The cycle of neglect starts all the way from the birth parents who left them. Further, the people in charge of child-care facilities are already over-burdened with the responsibility of managing so many kids. They cannot provide proper and equal attention to each and every child under their care.
In certain cases, the mother can endanger the life, safety, and future development of their child by following certain ill-advised practices during her pregnancy. There are many ways to harm the fetus; such as alcohol consumption, smoking (or even being exposed to second-hand smoke), substance abuse, or under-nourishment of the embryo in the belly.
The earlier the child is adopted, the lower will be the likelihood of them facing anything on the lines of Adopted Child Syndrome. Research suggests that there is hardly any difference in the developmental hurdles of children who were adopted before the age of six-months when compared with children who were raised by their biological parents. The children who are adopted later in life, are more likely to face developmental hurdles.
In case the child doesn’t remember having any contact with his biological parents, they will have an easier time adapting and connecting to you.
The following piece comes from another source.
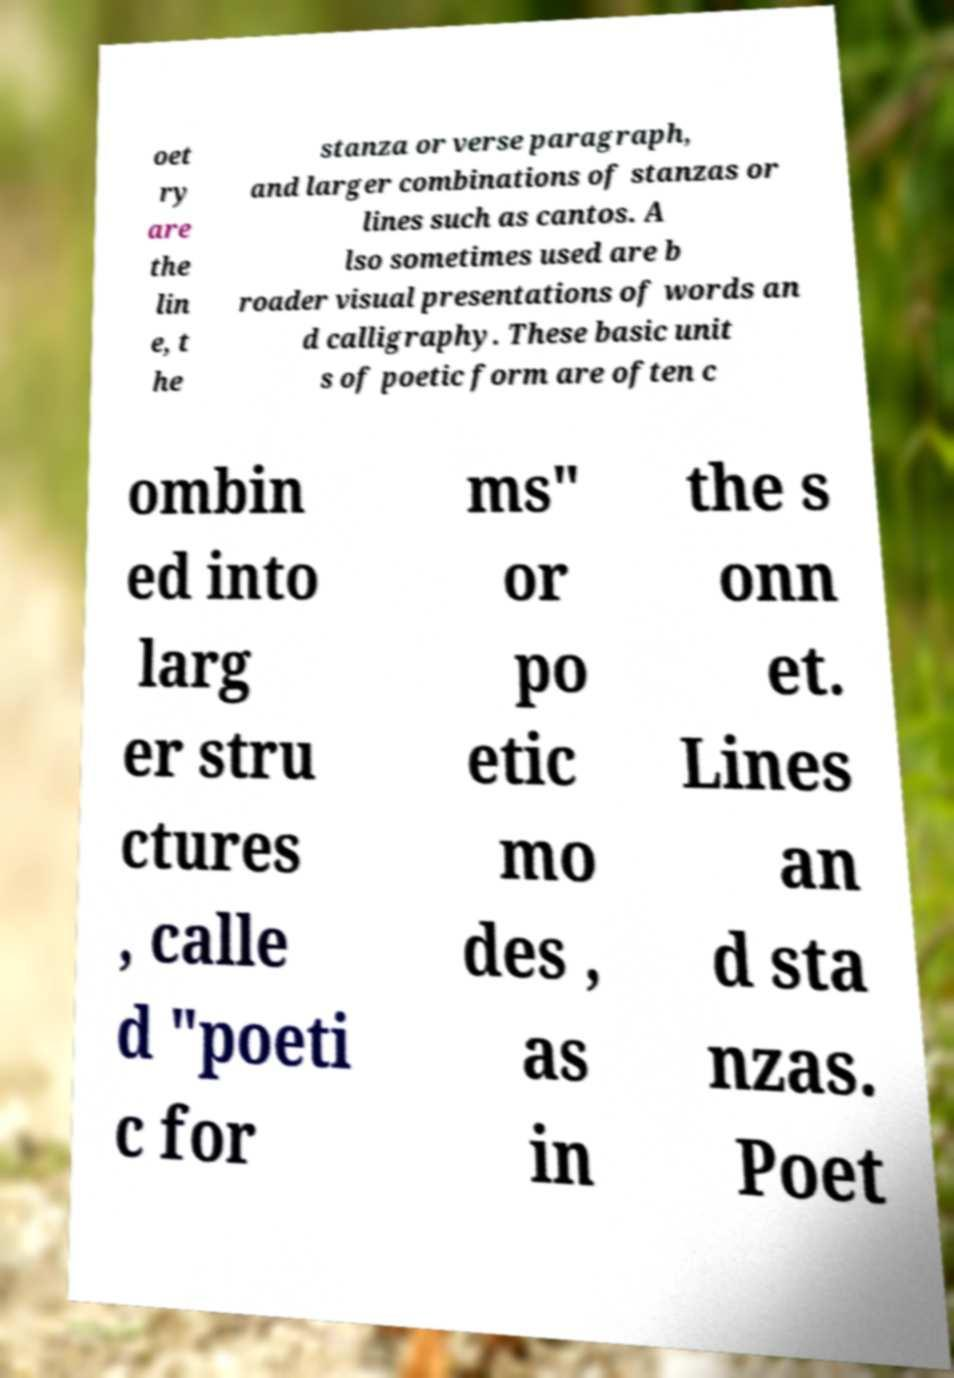Please identify and transcribe the text found in this image. oet ry are the lin e, t he stanza or verse paragraph, and larger combinations of stanzas or lines such as cantos. A lso sometimes used are b roader visual presentations of words an d calligraphy. These basic unit s of poetic form are often c ombin ed into larg er stru ctures , calle d "poeti c for ms" or po etic mo des , as in the s onn et. Lines an d sta nzas. Poet

But if they had a strong connection with their birth parents, then it might take time before they are ready to accept you as their parent. They often feel that they’d be doing a disservice to the memory of their birth parents if they start considering their adoptive parents in the same light.
Start by addressing their abandonment issues. Understand that they fear losing you the way they lost their biological parents. Reassure them through your actions and words, that you’ll be there for them; that you’re not going to leave or abandon them. It might feel repetitive, but it’s important for your child to know this.
They are often found lagging behind on self-esteem. This can be addressed by appreciating all their achievements and accomplishments. Be their personal cheerleader in life. Shower them your undivided attention, so that they realize how important they’re to you. It is important to express these sentiments, rather than merely assuming that they know how you feel. Your words and actions can instill these beliefs in them.
Rather than being impulsive and giving them a stern scolding, organize your thoughts and attune to their sensibilities. Make it clear why you’re upset with them and how they can fix or repent for their mistakes. Make it very clear that you still love them and are just disappointed by their actions in this particular scenario.
A cornerstone of emotional and social development is to be able to mingle and be a part of society by forming strong connections with others. Make sure to encourage them to take part in different social functions and occasions. If they’re apprehensive, go with them to show your support. Do make sure to keep them under supervision, to check for signs of bullying from them or others.
This is a very important conversation that most parents are apprehensive about. If not handled properly, this can have a serious impact on your relationship with them, as well as on their relations with others down the road. You can take help from our article on how to discuss this subject with them.
Read more: Worried about telling child they are adopted
Important occasions such as birthdays, Mother’s Day, Father’s day can be very hard on the child as they start reminiscing about their birth parents. Old memories from their past life might dredge up and feelings of remorse might swell through them. Thus, making it important for you to understand their feelings and stand by them, rather than forcing them to enjoy the event.
At the base of all these issues is the fact of their adoption. Make them feel comfortable with this idea and end the stigma against the subject. You can use the following ways to deal with this taboo topic. Your kid might have vaulted their feelings on adoption. It falls to you to create a safe environment where they can be open.